- Listed entries -
Content starts
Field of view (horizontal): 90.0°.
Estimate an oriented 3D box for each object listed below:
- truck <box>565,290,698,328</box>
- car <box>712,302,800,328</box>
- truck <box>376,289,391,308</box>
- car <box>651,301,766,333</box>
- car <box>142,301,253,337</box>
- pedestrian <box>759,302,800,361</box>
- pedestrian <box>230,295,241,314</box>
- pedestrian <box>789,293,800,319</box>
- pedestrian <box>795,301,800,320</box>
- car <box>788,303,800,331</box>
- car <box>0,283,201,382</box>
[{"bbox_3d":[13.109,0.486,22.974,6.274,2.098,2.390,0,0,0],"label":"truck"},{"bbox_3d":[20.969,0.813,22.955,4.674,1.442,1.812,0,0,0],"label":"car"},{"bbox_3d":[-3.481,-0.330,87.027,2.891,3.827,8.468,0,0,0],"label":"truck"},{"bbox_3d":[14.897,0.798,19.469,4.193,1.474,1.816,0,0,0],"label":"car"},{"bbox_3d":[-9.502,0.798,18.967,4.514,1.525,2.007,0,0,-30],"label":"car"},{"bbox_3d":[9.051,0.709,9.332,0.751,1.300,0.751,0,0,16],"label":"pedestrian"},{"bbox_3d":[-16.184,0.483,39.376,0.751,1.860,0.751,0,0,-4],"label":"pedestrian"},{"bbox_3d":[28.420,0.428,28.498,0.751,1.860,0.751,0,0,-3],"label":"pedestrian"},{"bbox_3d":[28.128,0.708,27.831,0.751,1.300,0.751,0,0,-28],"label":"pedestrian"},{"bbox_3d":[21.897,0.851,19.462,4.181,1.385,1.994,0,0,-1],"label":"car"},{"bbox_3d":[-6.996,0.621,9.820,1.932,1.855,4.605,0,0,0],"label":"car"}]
Content ends
- Prompt -
Within the data above, the span starting at the line containing "- pedestrian <box>789,293,800,319</box>" and ending at the line containing "- car <box>788,303,800,331</box>" is to be retyped exactly, with no other lines.

- Solution for this task -
- pedestrian <box>789,293,800,319</box>
- pedestrian <box>795,301,800,320</box>
- car <box>788,303,800,331</box>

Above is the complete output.